Increasing our self-care processes. We are embedding self-care in our new realities. Some of us are using mindfulness and meditation apps, working at standing desks, speaking with therapists, setting boundaries with social media and celebrating small victories. One of us is “trying to take time for play…not just self-care, not just hobbies, but actual play, like silly laughing play.” We are remembering that we should be gentle with ourselves and those around us.Building Community, Shifting Perspectives
Unexpectedly, this exercise—gathering responses and sharing the results in the email thread—built community in a time of great isolation. The trust previously established within our group encouraged us to share honest, personal reflections without fearing negative judgments. Having senior members of the group describing a dropped expectation helped junior members feel they had permission to do so also.
This exercise also shifted our perspectives when possibilities seemed limited. Discussions of our new realities reminded us that we have control over some aspects of what otherwise feels like an uncontrollable situation. It's refreshing to turn away from ruminating on our challenges and turn toward strategies for thriving despite challenges. The choices we are making are deliberate responses to the moment and empower us to better care for ourselves and each other.
We invite you to apply this advice. On a personal level, consider identifying one expectation you have for yourself that causes stress, and then choose to not fulfill that expectation this week. On a professional level, consider replicating this inquiry at your institution. Choose a trusted colleague group to capture ideas relevant to the specific context of your workplace or to a specific job function (e.g., sharing the most productive adjustments to research practices). An email is easy to send, and recipients can respond on their own timeframes. You may be surprised at what you can change.
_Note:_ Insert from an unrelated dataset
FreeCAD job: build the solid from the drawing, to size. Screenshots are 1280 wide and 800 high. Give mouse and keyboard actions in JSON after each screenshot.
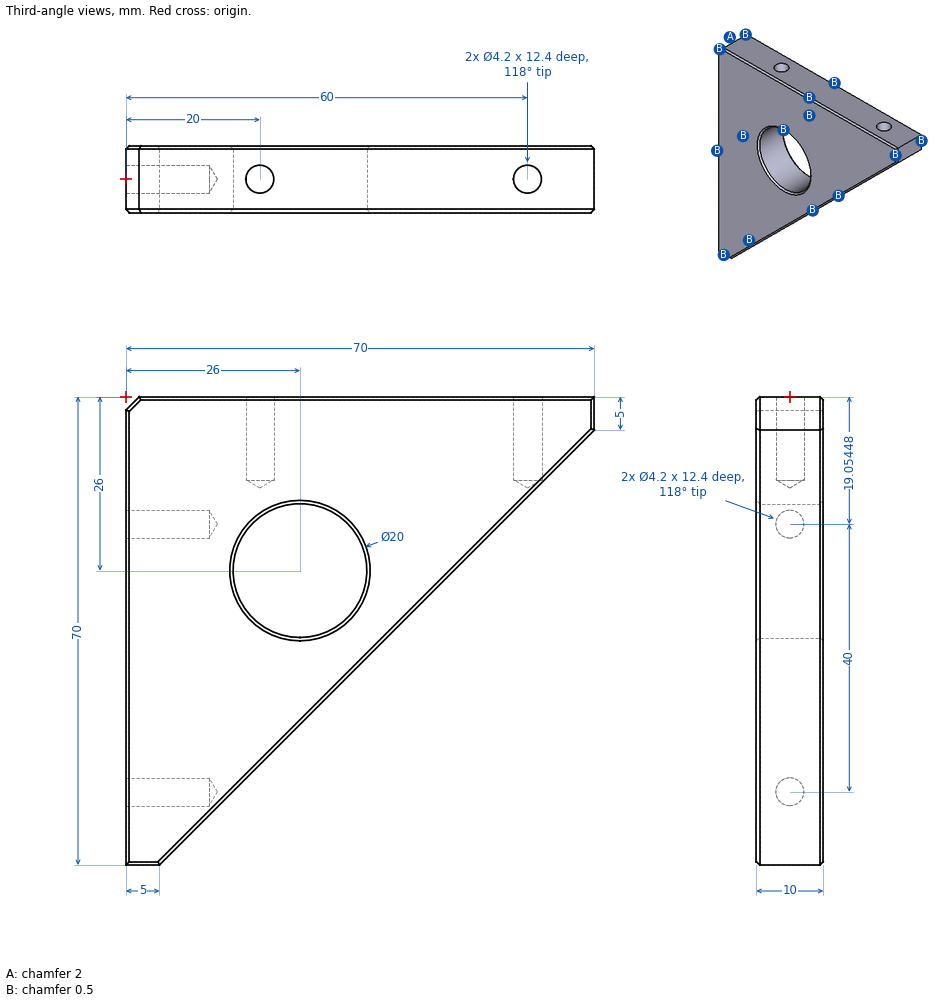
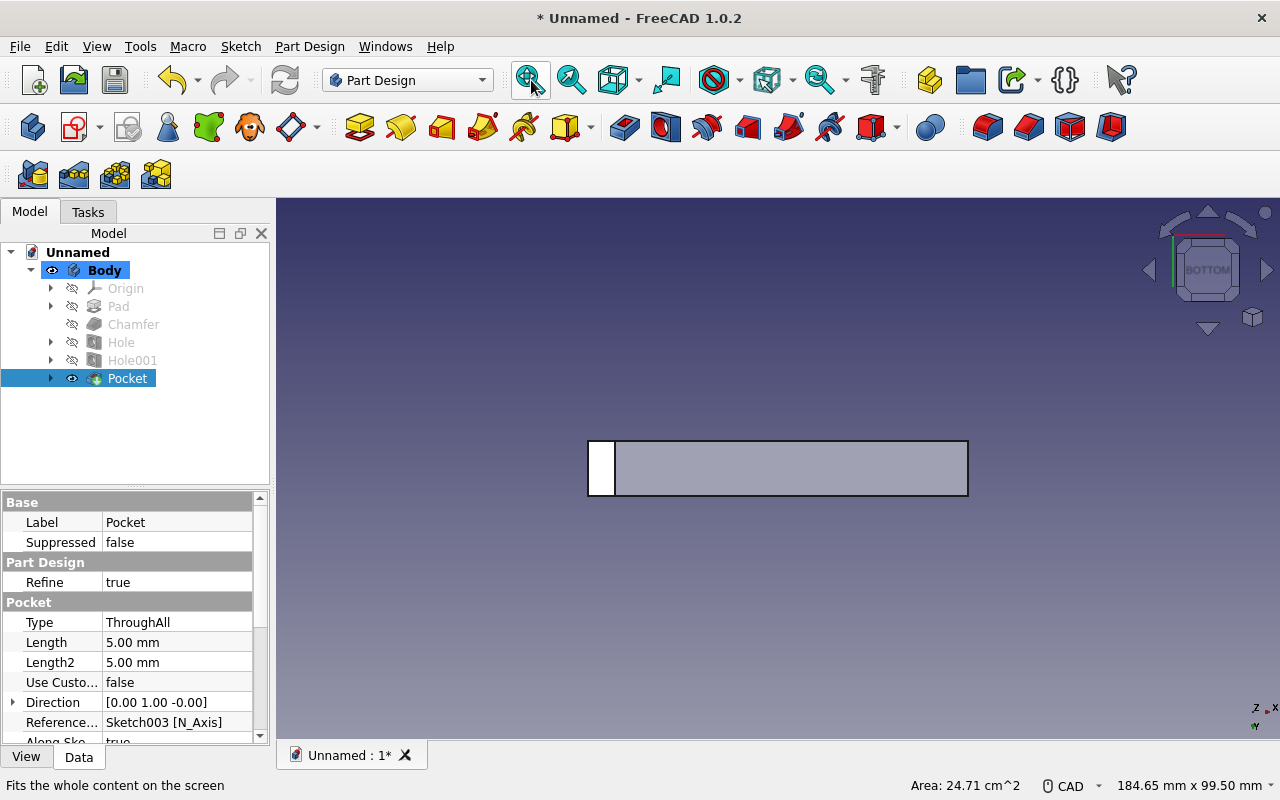
{"action": "key", "text": "4"}
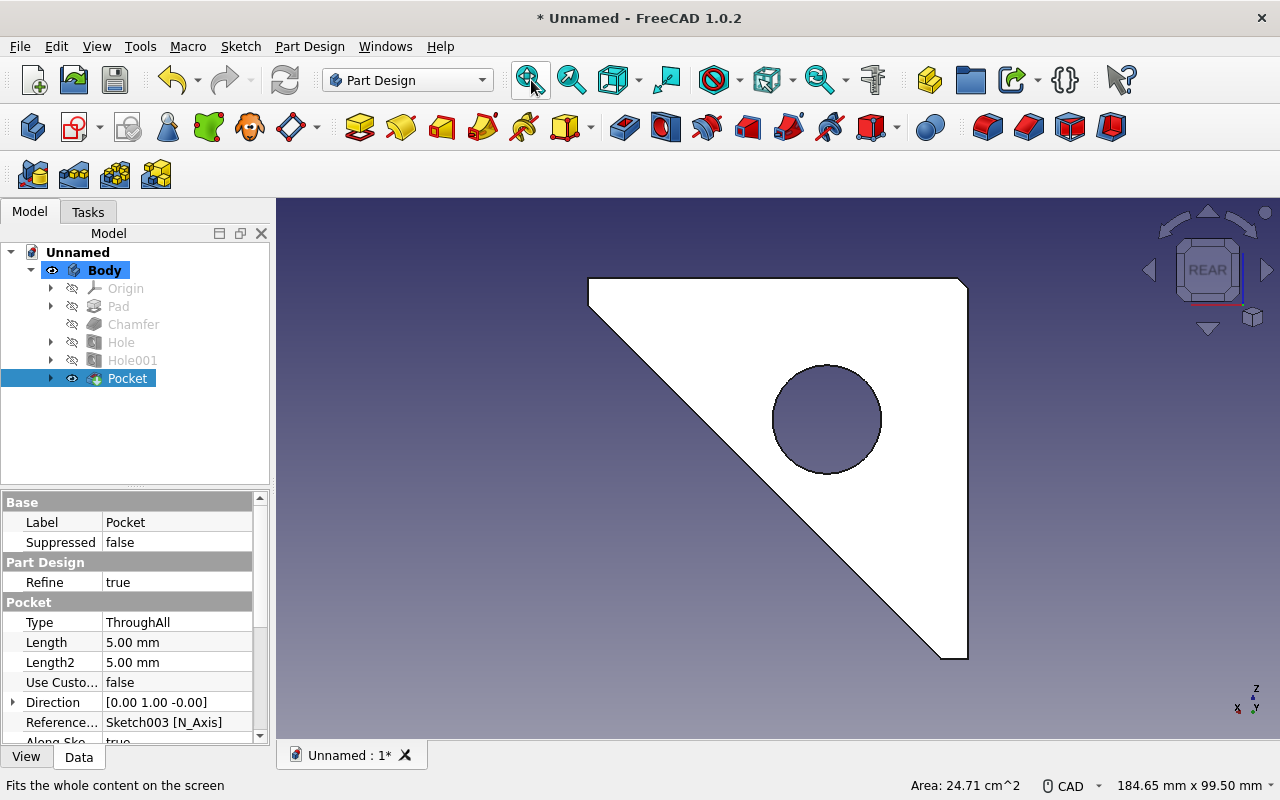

You may find, like we did, that adjustments to the current reality are adjustments we could have made years ago.
Dr. Heather Chenette is an associate professor of chemical engineering. Dr. Michelle Marincel Payne is an associate professor of civil and environmental engineering. Dr. Manda Riehl is a professor of mathematics. Dr. Kay C Dee is a professor of biomedical engineering and associate dean for learning and technology. Dr. Ella Ingram is a professor of biology and associate dean for professional development. All work at the Rose-Hulman Institute of Technology IN.